Besides entitlement and misogyny, perpetrators of violence against children, including child rape, have little or no conscience about their behaviour. The rapid growth in online child pornography and child sex trafficking further propels ignorance and even support for the perpetration of violence against children. Many studies have shown how alcohol and substance abuse play a big role in GBV perpetration in South Africa, Davis-Buitendag said.
She warned that even though there are currently many interventions on record and multiple government and non-government organisations at work, there is little evidence to suggest that the statistics are changing. In fact, they seem to be increasing.
'The biggest problem has always been a lack of funding. As the Commission for Gender Equality reported, little progress has been made since the establishment of the National Strategic Plan and the Gender-based Violence and Femicide fund. Many reports and strategies have been suggested and published, but funding remains an issue.
'The National Shelter Movement of South Africa is running on a shoestring budget, so places of safety for GBV victims are scarce. The strength of the current effort lies in community awareness, including more involvement of the private sector. The greatest limitation is the stigma and shame that still envelops GBV and the lack of funding to implement programs that show results. This can only be improved if GBV is spoken about more, so that victims can seek help without fear of the consequences,' Davis-Buitendag said.
Christi Kruger, acting director at the Centre for Sexualities, AIDS and Gender at the University of Pretoria, said there is a need for a holistic approach that works with all people from a young age.
'Traditionally, South Africans tend to be silent about GBV and shy away, especially when it might be seen to be linked to sex and sexualities. Urgent conversations are needed to speak to everyday understandings of masculinities and femininities, and how everyone contributes to a society that enables violence in its various forms.
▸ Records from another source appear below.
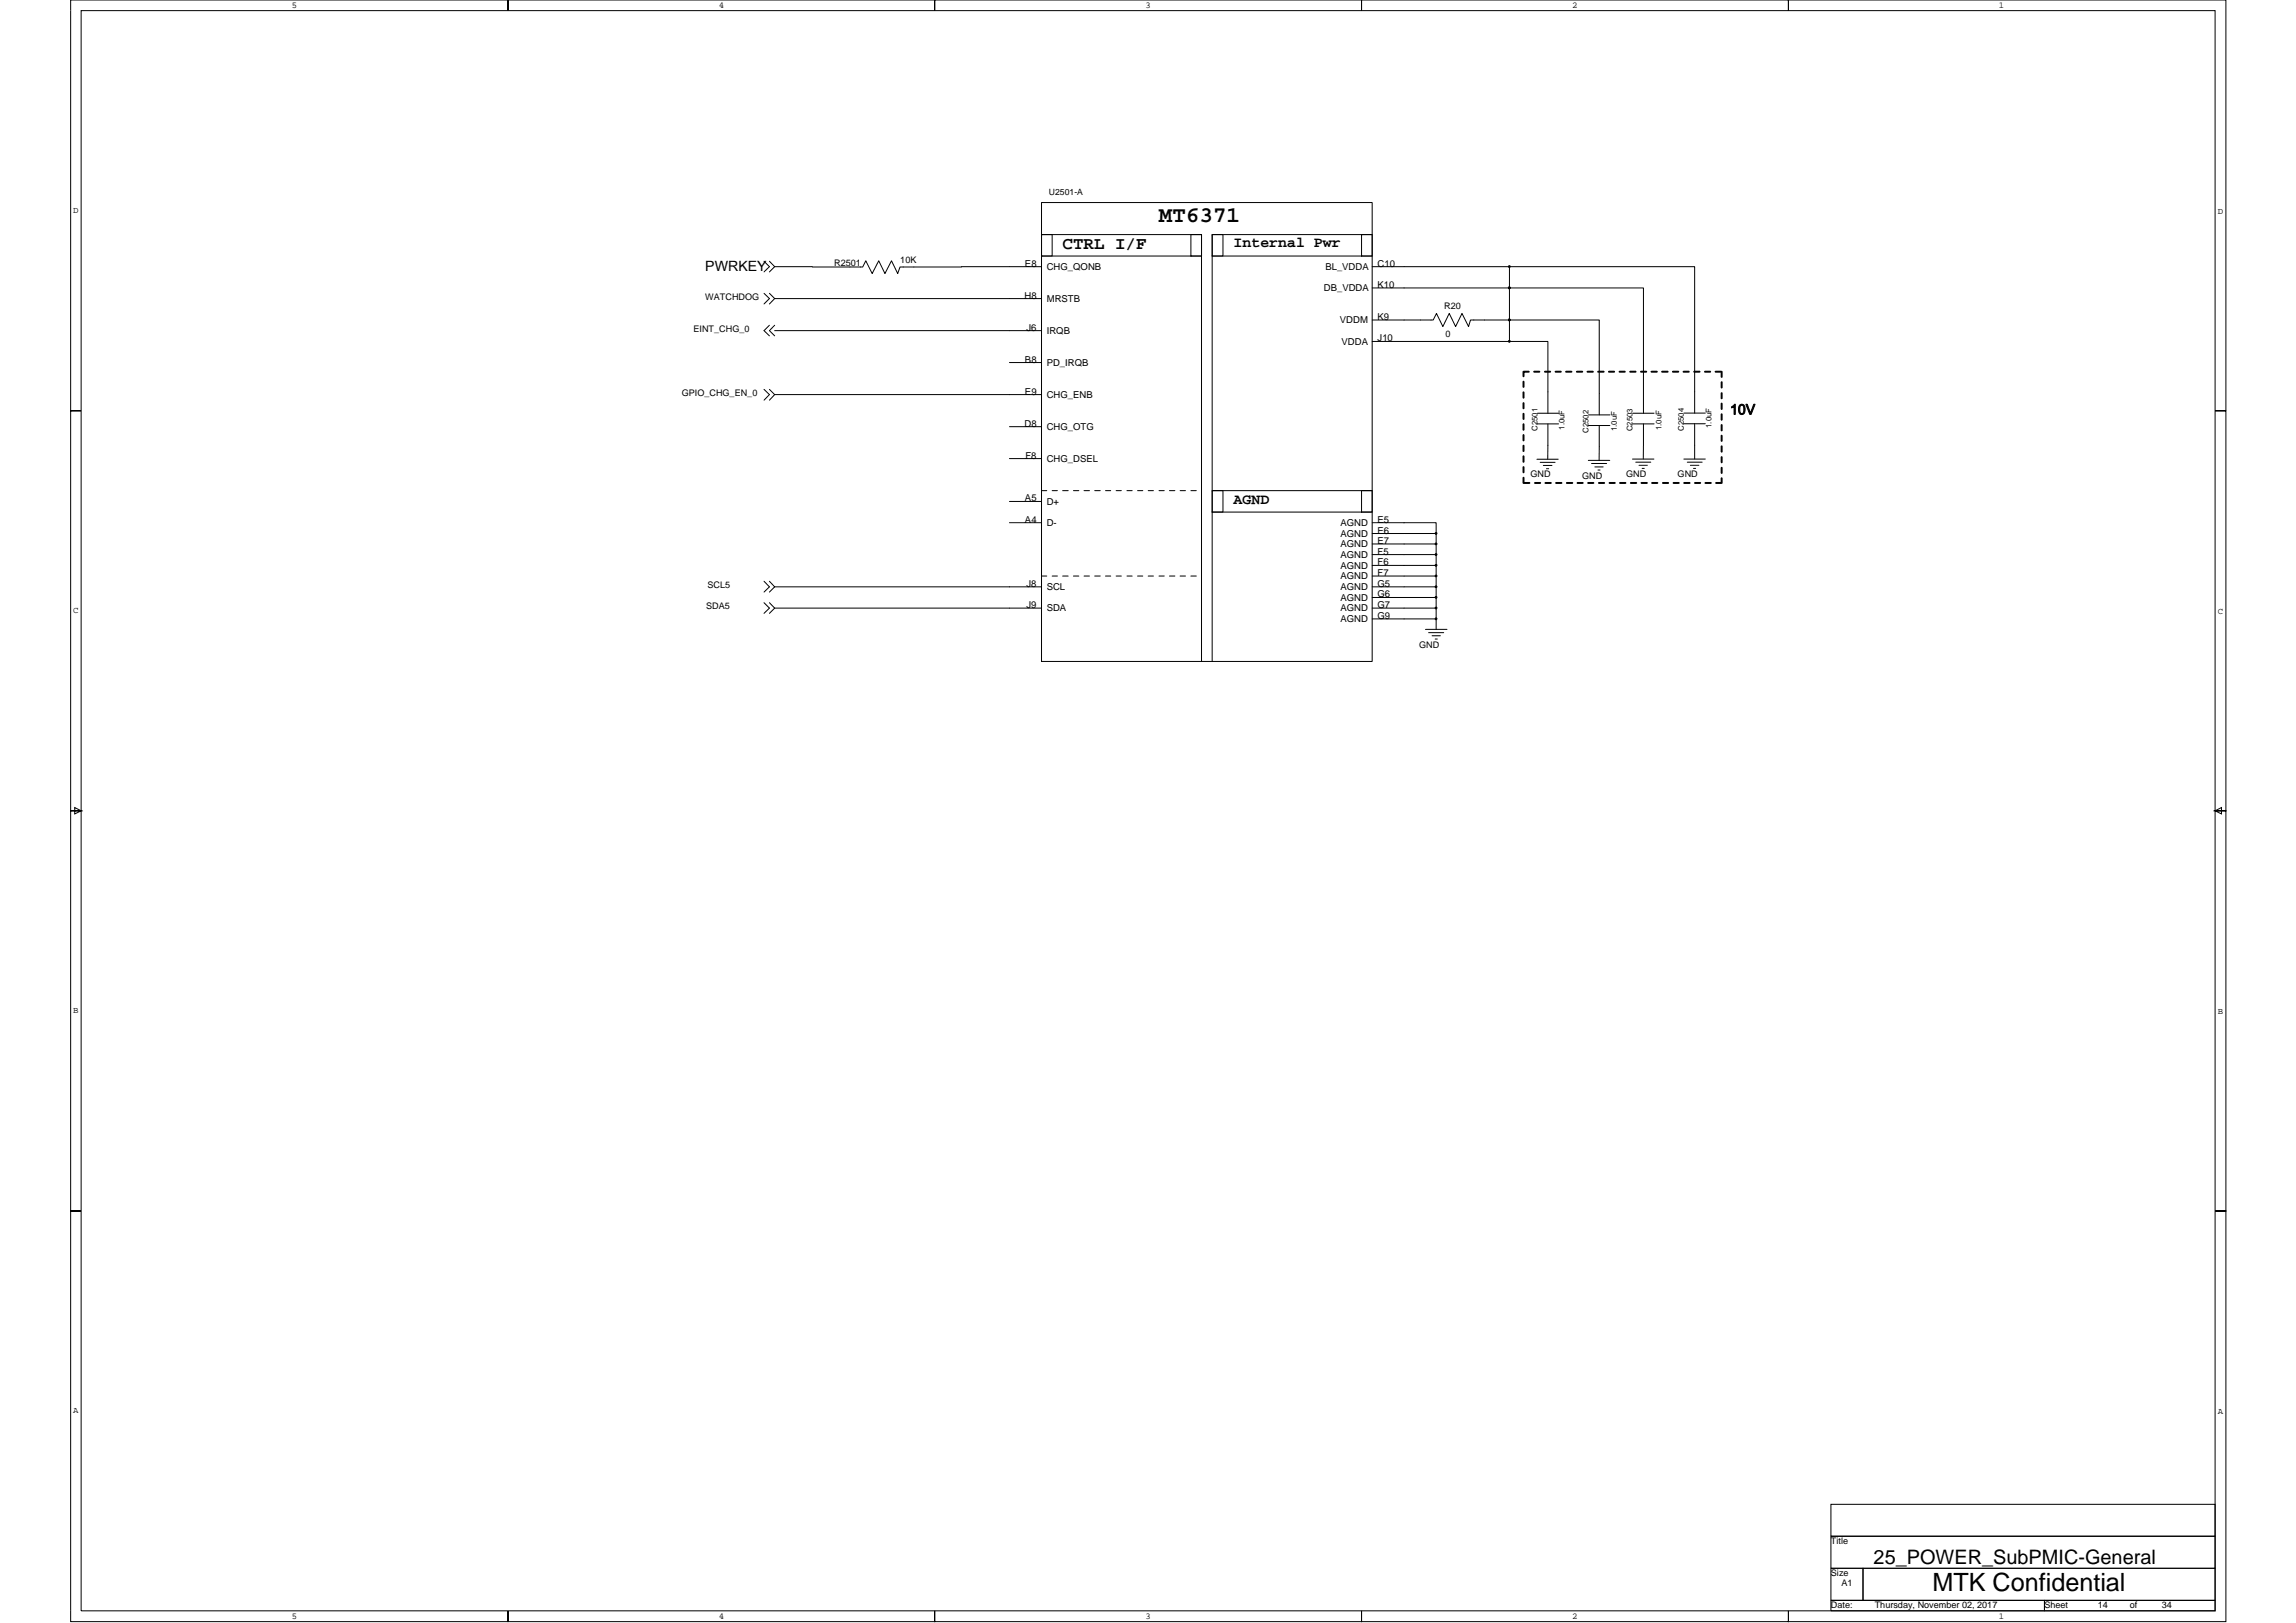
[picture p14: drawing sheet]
<svg xmlns="http://www.w3.org/2000/svg" width="297mm" height="210mm" viewBox="0 0 297 210" stroke-linecap="round" stroke-linejoin="round" font-family="sans-serif">
<defs><g id="words">
<text font-size="3.3" x="250" y="205.8">MTK Confidential</text>
<text font-size="2.9" x="149.9" y="28.7">MT6371</text>
<text font-size="2.6" x="242.4" y="202.4">25_POWER_SubPMIC-General</text>
<text font-size="2.3" x="137.5" y="32.3">CTRL I/F</text>
<g font-size="1.9">
<text x="159.6" y="32">Internal Pwr</text>
<text x="159.6" y="65.2">AGND</text>
</g>
<g font-size="1.8">
<text x="91.2" y="35.1">PWRKEY</text>
<text x="223.8" y="53.6">10V</text>
</g>
<g font-size="1.2">
<text x="37.8" y="1">5</text>
<text x="93" y="1">4</text>
<text x="148.2" y="1">3</text>
<text x="203.4" y="1">2</text>
<text x="258.6" y="1">1</text>
<text x="9.5" y="27.5">D</text>
<text x="286.9" y="27.7">D</text>
<text x="107.9" y="34.4">R2501</text>
<text x="116.5" y="34.1">10K</text>
<text x="132.6" y="34.5">E8</text>
<text x="135.4" y="34.9">CHG_QONB</text>
<text x="171.5" y="34.9">BL_VDDA</text>
<text x="178.2" y="34.5">C10</text>
<text x="91.2" y="38.8">WATCHDOG</text>
<text x="132.5" y="38.6">H8</text>
<text x="135.4" y="39.1">MRSTB</text>
<text x="171.3" y="37.7">DB_VDDA</text>
<text x="173.4" y="41.8">VDDM</text>
<text x="178.2" y="37.3">K10</text>
<text x="178.2" y="41.4">K9</text>
<text x="186.9" y="40">R20</text>
<text x="89.7" y="42.9">EINT_CHG_0</text>
<text x="132.6" y="46.9">B8</text>
<text x="132.8" y="42.8">J6</text>
<text x="135.4" y="43.2">IRQB</text>
<text x="135.4" y="47.3">PD_IRQB</text>
<text x="173.6" y="44.6">VDDA</text>
<text x="178.2" y="44.2">J10</text>
<text x="187" y="43.6">0</text>
<text x="88.2" y="51.2">GPIO_CHG_EN_0</text>
<text x="132.6" y="51.1">E9</text>
<text x="135.4" y="51.5">CHG_ENB</text>
<text x="132.5" y="55.2">D8</text>
<text x="132.7" y="59.3">F8</text>
<text x="135.4" y="55.6">CHG_OTG</text>
<text x="135.4" y="59.8">CHG_DSEL</text>
<text x="132.6" y="64.9">A5</text>
<text x="135.4" y="65.3">D+</text>
<text x="198" y="61.7">GND</text>
<text x="204.7" y="61.9">GND</text>
<text x="210.4" y="61.7">GND</text>
<text x="217" y="61.7">GND</text>
<text x="132.6" y="67.6">A4</text>
<text x="135.4" y="68.1">D-</text>
<text x="173.4" y="68.1">AGND</text>
<text x="173.4" y="69.4">AGND</text>
<text x="173.4" y="70.8">AGND</text>
<text x="178.2" y="67.6">E5</text>
<text x="178.2" y="69">E6</text>
<text x="178.2" y="70.4">E7</text>
<text x="178.2" y="71.8">F5</text>
<text x="91.5" y="76.1">SCL5</text>
<text x="132.8" y="75.9">J8</text>
<text x="135.4" y="76.3">SCL</text>
<text x="173.4" y="72.2">AGND</text>
<text x="173.4" y="73.6">AGND</text>
<text x="173.4" y="75">AGND</text>
<text x="173.4" y="76.3">AGND</text>
<text x="173.4" y="77.7">AGND</text>
<text x="178.2" y="73.2">F6</text>
<text x="178.2" y="74.5">F7</text>
<text x="178.2" y="75.9">G5</text>
<text x="178.2" y="77.3">G6</text>
<text x="9.5" y="79.3">C</text>
<text x="91.4" y="78.8">SDA5</text>
<text x="132.8" y="78.7">J9</text>
<text x="135.4" y="79.1">SDA</text>
<text x="173.4" y="79.1">AGND</text>
<text x="173.4" y="80.5">AGND</text>
<text x="178.2" y="78.7">G7</text>
<text x="178.2" y="80.1">G9</text>
<text x="183.6" y="83.8">GND</text>
<text x="286.9" y="79.5">C</text>
<text x="9.5" y="131.1">B</text>
<text x="286.9" y="131.2">B</text>
<text x="9.5" y="182.8">A</text>
<text x="286.9" y="183">A</text>
<text x="236.9" y="199.7">Title</text>
<text x="236.9" y="203.9">Size</text>
<text x="37.8" y="209.5">5</text>
<text x="93" y="209.5">4</text>
<text x="148.2" y="209.5">3</text>
<text x="203.4" y="209.5">2</text>
<text x="236.9" y="208">Date:</text>
<text x="238.2" y="205.2">A1</text>
<text x="242.5" y="208">Thursday, November 02, 2017</text>
<text x="258.6" y="209.5">1</text>
<text x="264.5" y="208">Sheet</text>
<text x="271.4" y="208">14</text>
<text x="275.5" y="208">of</text>
<text x="279.7" y="208">34</text>
</g>
<text font-size="1.1" x="135.7" y="25.3">U2501-A</text>
<g font-size="1">
<text x="198.9" y="55.7" transform="rotate(-90 198.9 55.7)">C2501</text>
<text x="202.4" y="55.6" transform="rotate(-90 202.4 55.6)">1.0uF</text>
<text x="205.5" y="56" transform="rotate(-90 205.5 56)">C2502</text>
<text x="209.2" y="55.8" transform="rotate(-90 209.2 55.8)">1.0uF</text>
<text x="211.2" y="55.8" transform="rotate(-90 211.2 55.8)">C2503</text>
<text x="215" y="55.6" transform="rotate(-90 215 55.6)">1.0uF</text>
<text x="217.8" y="55.7" transform="rotate(-90 217.8 55.7)">C2504</text>
<text x="221.4" y="55.4" transform="rotate(-90 221.4 55.4)">1.0uF</text>
</g>
</g></defs>
<g fill="none" stroke="#000" stroke-width=".13">
<path d="M9.1 0h56.6v1.4v-1.4h55.2v1.4v-1.4h55.2v1.4v-1.4h55.3v1.4v-1.4h56.6v53.1h-1.4h1.4v51.8h-1.4l.8-.4v.8l-.8-.4h1.4v51.8h-1.4h1.4v53.1h-56.6v-1.4v1.4h-55.3v-1.4v1.4h-55.2v-1.4v1.4h-55.2v-1.4v1.4h-56.6v-53.1h1.4h-1.4v-51.8h1.4l-.8-.4v.8l.8-.4h-1.4v-51.8h1.4h-1.4zM10.5 1.4h276.1v207h-276.1zM98.8 33.8l.7 .7-.7 .7M98.8 38l.7 .6-.7 .7M99.5 38l.7 .6M99.5 33.8l.7 .7M100.2 38.6l-.7 .7M100.2 34.5l-.7 .7M100.2 38.6h34.5M134.7 30.4h1.4v2.7h-1.4zM134.7 26.2h42.8v59.4h-42.8zM134.7 33.1h20.7"/>
<path d="M134.7 30.4h20.7v55.2M134.7 34.5h-18.3l-.3 .9-.8-1.7-.8 1.7-.8-1.7-.9 1.7-.8-1.7-.4 .8h-11.4M154.1 30.4h1.3v2.7h-1.3zM156.8 30.4h1.4v2.7h-1.4zM156.8 33.1h20.7M176.1 30.4h1.4v2.7h-1.4zM177.5 30.4h-20.7v55.2M177.5 37.3h17.8v4.1h-5.1l-.2 .8-.9-1.6-.8 1.6-.8-1.6-.8 1.6-.9-1.6-.4 .8h-7.9M195.3 34.5h23.9v18.9M195.3 34.5v2.8h17.3v16.2M195.3 34.5h-17.8M98.8 50.4l.7 .7-.7 .7"/>
<path d="M99.5 50.4l.7 .7M99.5 42.1l-.7 .7 .7 .7M100.2 51.1l-.7 .7M100.2 42.1l-.7 .7 .7 .7M100.2 42.8h34.5M100.2 51.1h34.5M130.6 46.9h4.1M130.6 55.2h4.1M130.6 59.3h4.1M177.5 44.2h17.8v-2.8h11.6v12.3M195.3 44.2h5v9.3M198.8 59.4h2.8"/>
<path d="M198.9 54.8h2.7M198.9 53.5h2.7M199.3 59.8h1.9M200.3 54.8l-.1 4.6M205.5 59.6h2.8M205.5 55.1h2.8M205.5 53.7h2.8M205.9 60h2M206.9 55.1v4.5M211.2 59.4h2.8M211.2 54.8h2.8M211.2 53.5h2.8"/>
<path d="M211.6 59.8h2M212.6 54.8v4.6M217.8 59.4h2.8M217.8 54.8h2.8M217.8 53.4h2.8M218.3 59.8h1.9M219.2 54.8v4.6M98.8 78l.7 .7-.7 .7M98.8 75.2l.7 .7-.7 .7M99.5 78l.7 .7M99.5 75.2l.7 .7M100.2 78.7l-.7 .7"/>
<path d="M100.2 75.9l-.7 .7M100.2 75.9h34.5M100.2 78.7h34.5M130.6 64.9h4.1M130.6 67.6h4.1M134.7 74.5h.7M134.7 63.5h.7M136.1 74.5h.7M136.1 63.5h.7M137.5 74.5h.7M137.5 63.5h.7M138.9 74.5h.7"/>
<path d="M138.9 63.5h.7M140.2 74.5h.7M140.2 63.5h.7M141.6 74.5h.7M141.6 63.5h.7M143 74.5h.7M143 63.5h.7M144.4 74.5h.7M144.4 63.5h.7M145.8 74.5h.7M145.8 63.5h.7M147.2 74.5h.6"/>
<path d="M147.2 63.5h.6M148.5 74.5h.7M148.5 63.5h.7M149.9 74.5h.7M149.9 63.5h.7M151.3 74.5h.7M151.3 63.5h.7M152.7 74.5h.7M152.7 63.5h.7M154.1 74.5h.7M154.1 63.5h.7M156.8 63.5h1.4v2.8h-1.4z"/>
<path d="M156.8 63.5h20.7M156.8 66.3h20.7M176.1 63.5h1.4v2.8h-1.4zM177.5 67.6h8.3v1.4h-8.3M185.8 69v1.4h-8.3M185.8 70.4v1.4h-8.3M185.8 71.8v1.4h-8.3M185.8 73.2v1.3h-8.3M185.8 74.5v1.4h-8.3M185.8 75.9v1.4h-8.3M185.8 77.3v1.4h-8.3M185.8 78.7v1.4h-8.3"/>
<path d="M199.7 60.2h1.1M200.1 60.6h.3M206.3 60.4h1.1M206.7 60.8h.3M212 60.2h1.1M212.4 60.6h.3M218.7 60.2h1.1M219.1 60.6h.3M184.4 81.4h2.8M184.8 81.9h2M185.3 82.3h1M185.7 82.7h.2"/>
<path d="M185.8 80.1v1.3M236.9 194.6h49.7v4.2h-49.7zM236.9 198.8h49.7v4.1h-49.7zM236.9 207.1h27.6v1.3h-27.6zM236.9 202.9h4.1v4.2h-4.1zM241 202.9h45.6v4.2h-45.6zM264.5 207.1h22.1v1.3h-22.1z"/>
</g>
<g fill="none" stroke="#000" stroke-width=".25">
<path d="M197.1 49.4v.7M197.1 50.8v.7M197.1 52.2v.6M197.1 53.5v.7M197.1 54.9v.7M197.1 56.3v.7M197.1 57.7v.7M197.1 59v.8M197.8 48.1h-.7v.6M198.5 48.1h.7M199.9 48.1h.7M201.2 48.1h.7"/>
<path d="M202.6 48.1h.7M204 48.1h.7M205.4 48.1h.7M206.8 48.1h.7M208.1 48.1h.7M209.5 48.1h.7M210.9 48.1h.7M212.3 48.1h.7M213.7 48.1h.7M215 48.1h.7M216.4 48.1h.7M217.8 48.1h.7"/>
<path d="M219.2 48.1h.7M220.6 48.1h.7M222 48.1h.6M222.7 48.1v.7M222.7 49.4v.7M222.7 50.9v.6M222.7 52.2v.7M222.7 53.6v.7M222.7 55v.7M222.7 56.4v.6M222.7 57.7v.7M222.7 59.1v.7"/>
<path d="M197.1 60.4v.7M197.1 61.8v.7M197.2 62.5h.7M198.6 62.5h.7M199.9 62.5h.7M201.3 62.5h.7M202.7 62.5h.7M204.1 62.5h.7M205.5 62.5h.6M206.9 62.5h.6M208.2 62.5h.7M209.6 62.5h.7"/>
<path d="M211 62.5h.7M212.4 62.5h.7M213.7 62.5h.7M215.1 62.5h.7M216.5 62.5h.7M217.9 62.5h.7M219.3 62.5h.7M220.6 62.5h.7M222.7 61.9v.6h-.7M222.7 60.5v.7"/>
</g>
<g fill="#000" stroke="#000" stroke-width=".13">
<path d="M195.2 34.4h.1v.2h-.1z" fill-rule="evenodd"/>
<path d="M195.2 37.2h.1v.1h-.1z" fill-rule="evenodd"/>
<path d="M195.2 37.2h.1v.1h-.1z" fill-rule="evenodd"/>
<path d="M195.2 41.3h.1v.2h-.1z" fill-rule="evenodd"/>
<path d="M195.2 41.3h.1v.2h-.1z" fill-rule="evenodd"/>
<path d="M195.2 44.1h.1v.1h-.1z" fill-rule="evenodd"/>
<path d="M185.7 70.3h.2v.1h-.2z" fill-rule="evenodd"/>
<path d="M185.7 71.7h.2v.1h-.2z" fill-rule="evenodd"/>
<path d="M185.7 73.1h.2v.1h-.2z" fill-rule="evenodd"/>
<path d="M185.7 74.4h.2v.2h-.2z" fill-rule="evenodd"/>
<path d="M185.7 75.8h.2v.2h-.2z" fill-rule="evenodd"/>
<path d="M185.7 77.2h.2v.2h-.2z" fill-rule="evenodd"/>
<path d="M185.7 68.9h.2v.2h-.2z" fill-rule="evenodd"/>
<path d="M185.7 78.6h.2v.1h-.2z" fill-rule="evenodd"/>
<path d="M185.7 80h.2v.1h-.2z" fill-rule="evenodd"/>
</g>
<use href="#words"/>
</svg>

'Studies indicate that men who abuse alcohol are significantly more likely to perpetrate intimate partner violence (IPV). One study by the South African Medical Research Council (MRC) shows that alcohol use by men is associated with increased frequency and severity of physical and sexual violence against women. Some studies show that alcohol was involved in approximately 65% of cases of intimate partner femicide in South Africa,' Kruger said.